Герон был быстрой и легкой лодкой, ловил порой парусом ветер, и Дэрроу, управляя одной рукой, сидя на носу, следя за канатами, мог отвлечься от других мыслей. Он спешил в Равамей, к Калвин. Но мысли настойчиво возвращались к Меритуросу и Самису. Он помнил начало их последнего путешествия вместе, как они смотрели, стоя у перил, на золотые дюны, пропадающие в тумане. Он не жалел, что покинул Империю, он хотел на запад, на родину чар, хотел начать их приключения. А Самис… наверное, затевал уже тогда. Он смотрел на дюны и клялся, что не вернется, пока не станет Поющим все песни и императором всего Тремариса?

Дэрроу поежился. Он перестанет думать о Самисе? Мужчина не давал ему покоя. Самис занял его жизнь с момента, как Дэрроу был двенадцатилетним ребенком.

— Оставь меня! — пробормотал он и потянул румпель, чтобы ветер надул его парус. Он надеялся, что, когда оставит Самиса мертвым в Спарете, их связь будет разорвана.

Он нетерпеливо заставил себя думать о времени до знакомства с Самисом. Он помнил другой корабль, другое путешествие, маленького мальчика, который едва мог выглянуть за борт…

* * *

Мальчик родился на корабле «Золотая стрела». Капитан был его отцом, а жена капитана — матерью, но весь экипаж был ему семьей. Он так легко бегал по канатам, что его назвали Мышонком. Они вырезали ему мышат из китовой кости, научили его играть в кости.
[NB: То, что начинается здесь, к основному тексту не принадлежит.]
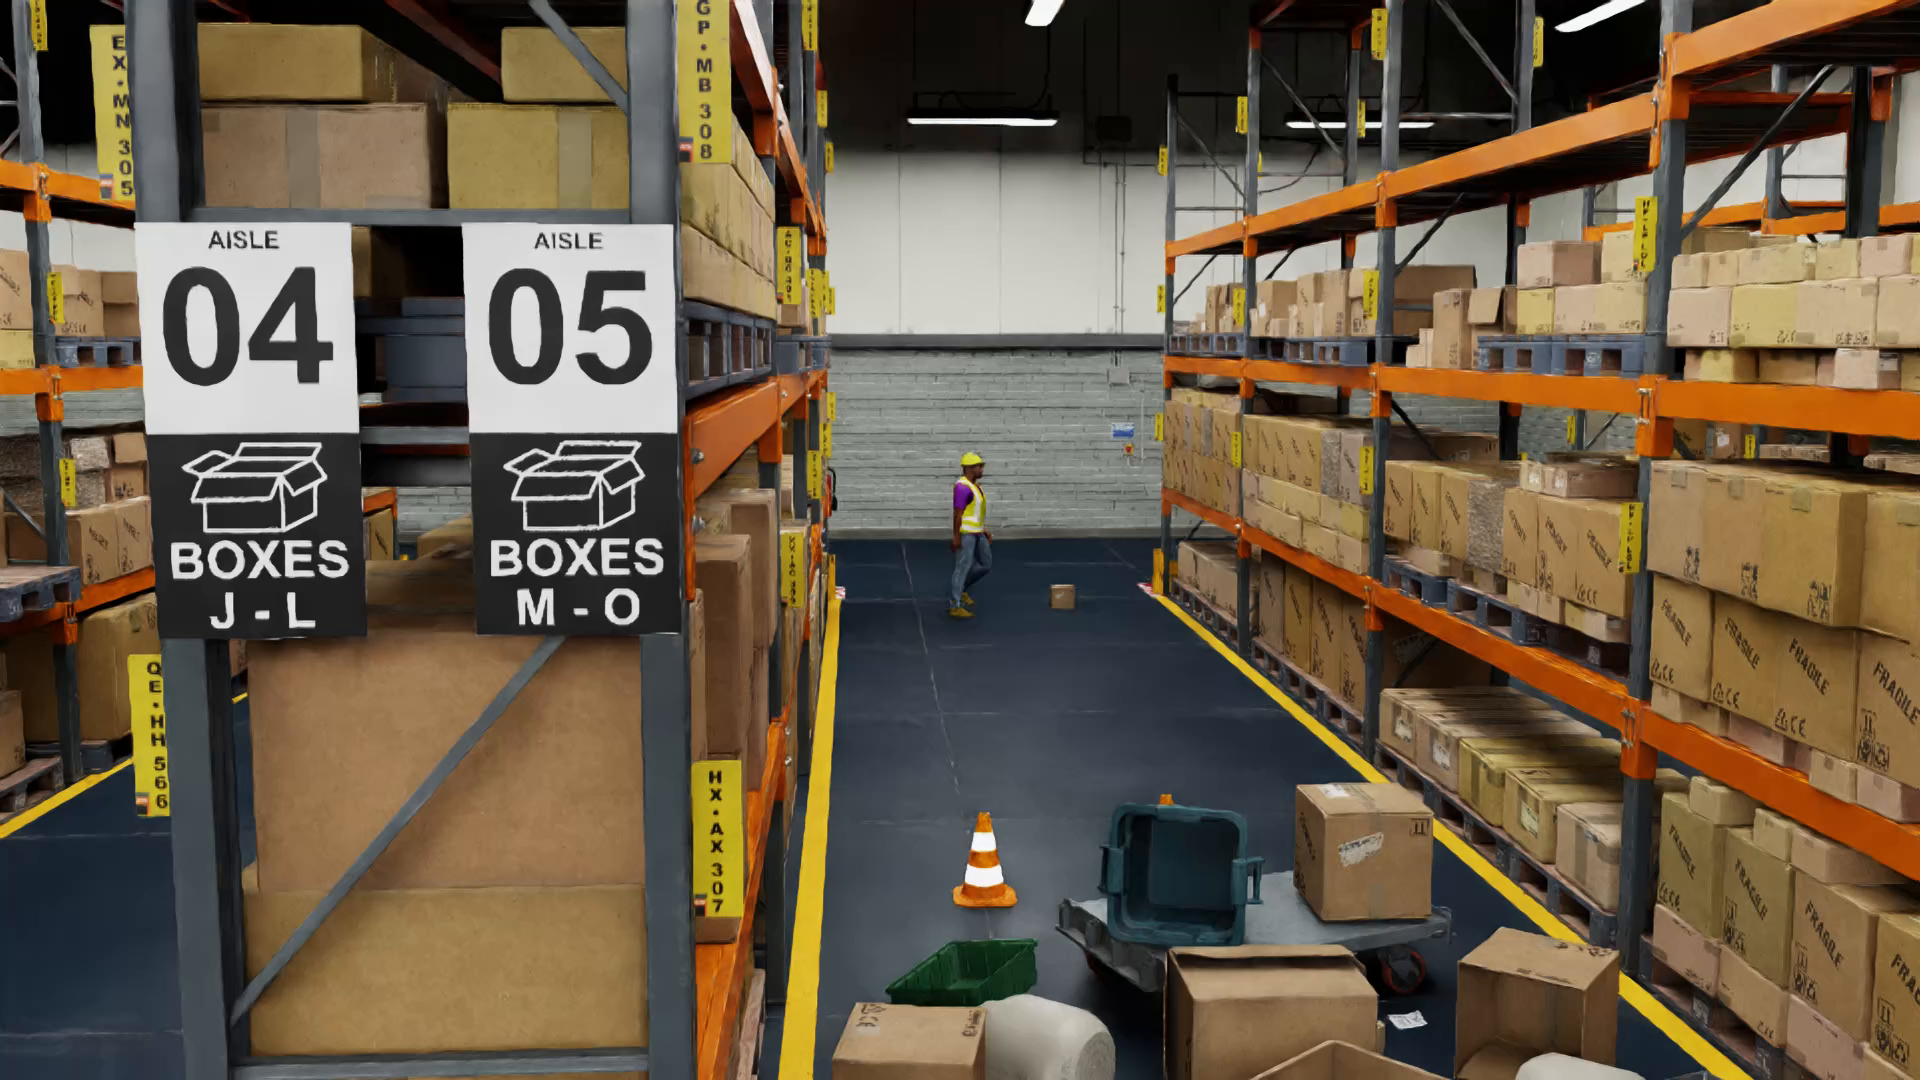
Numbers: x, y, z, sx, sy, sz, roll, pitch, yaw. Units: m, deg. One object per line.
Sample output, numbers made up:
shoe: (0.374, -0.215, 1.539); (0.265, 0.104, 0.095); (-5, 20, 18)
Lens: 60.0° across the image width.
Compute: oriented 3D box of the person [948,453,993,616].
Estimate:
person: (0.080, -0.069, 18.153); (0.487, 1.746, 0.691); (2, 7, 14)
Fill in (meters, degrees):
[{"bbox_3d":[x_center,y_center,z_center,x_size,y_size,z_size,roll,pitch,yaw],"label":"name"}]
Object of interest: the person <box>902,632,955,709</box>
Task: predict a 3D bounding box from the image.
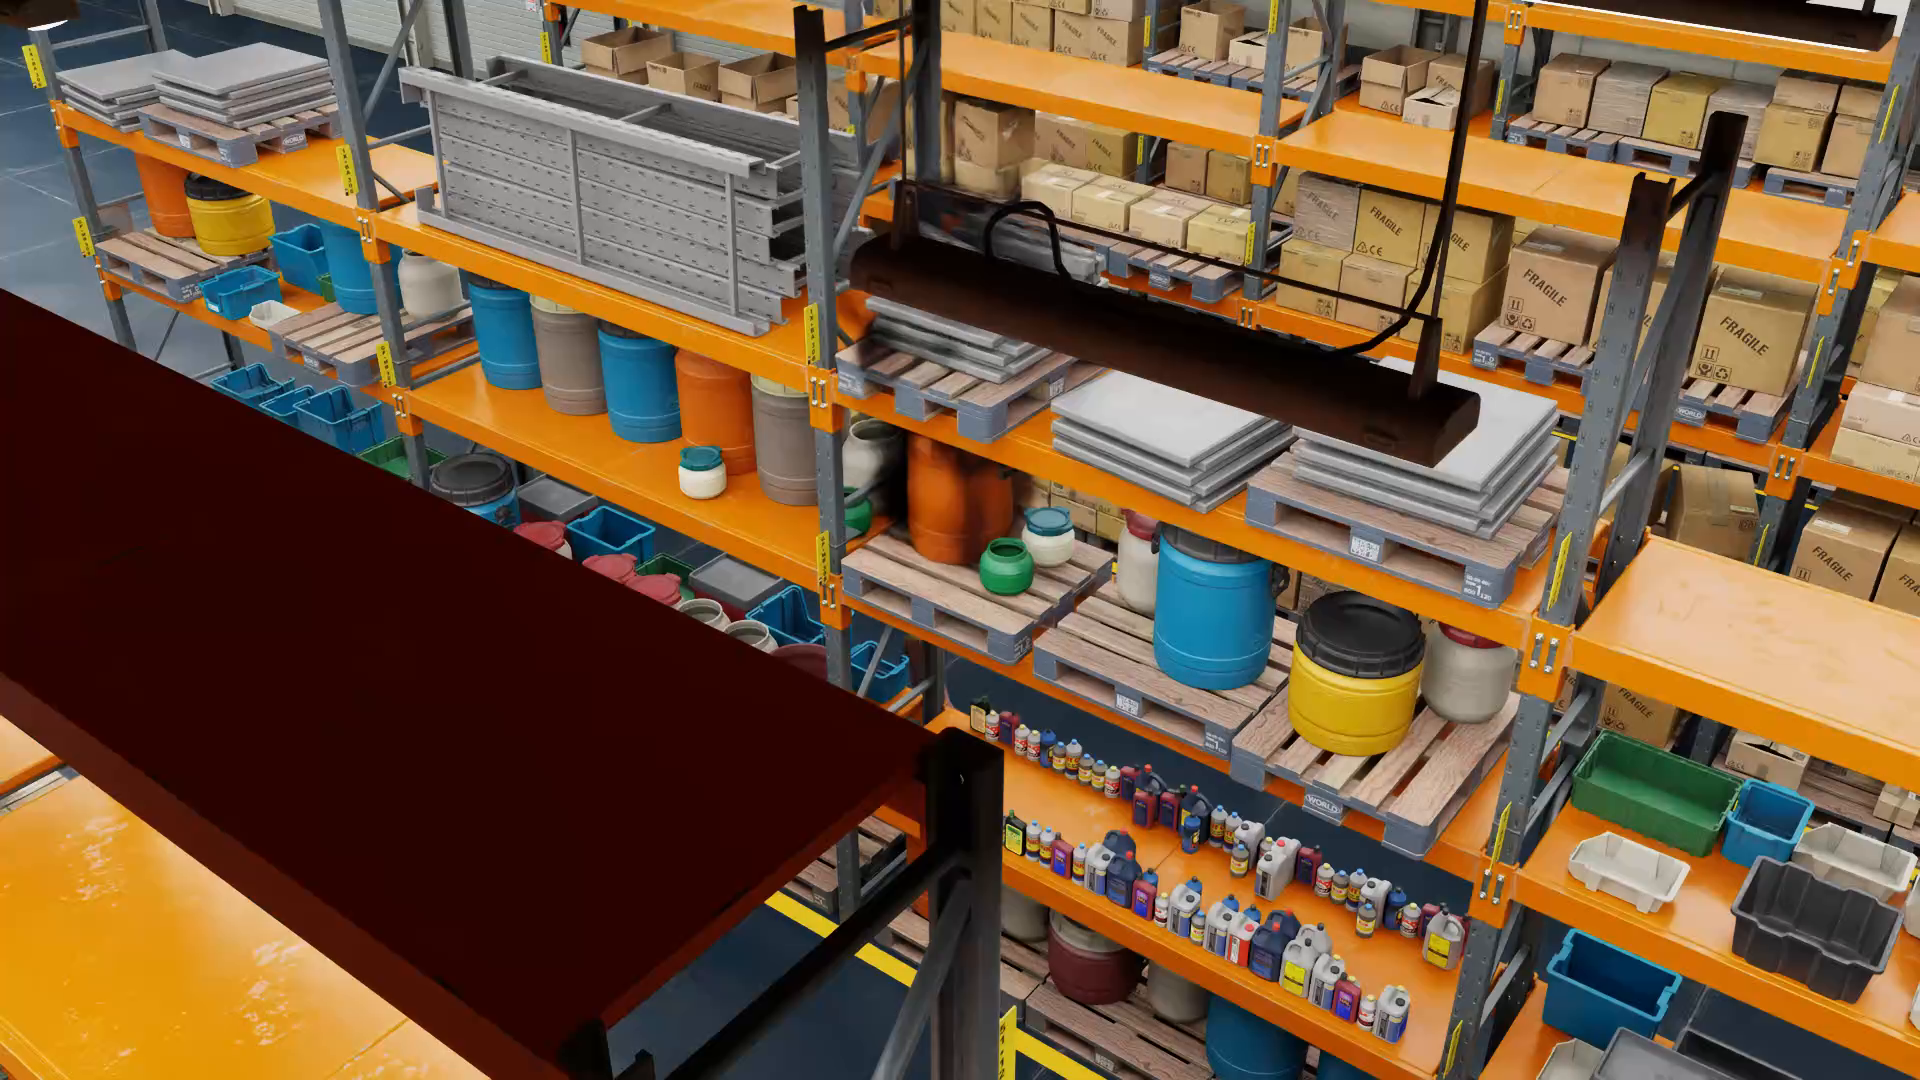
[{"bbox_3d":[-0.257,0.730,12.490,0.700,1.712,0.567,23,38,33],"label":"person"}]

Он спал в гамаке в каюте родителей, покачивался с кораблем и смотрел, как пляшут тени фонаря. Его мать сидела неподалеку с кистью в руке, свет лампы сиял на ее светлых шелковистых волосах.

Весь корабль был его домом; другого он не знал. Он знал, что корабль, все матросы и его родители из Пенлевина, и его учили гордиться тем, что он — сын маршей. Но он никогда не видел марши, лишь смутно представлял, что это. Ему говорили, что это мокрая земля, и он представлял бесконечное море, как вокруг них, но с множеством лодок, обществом матросов.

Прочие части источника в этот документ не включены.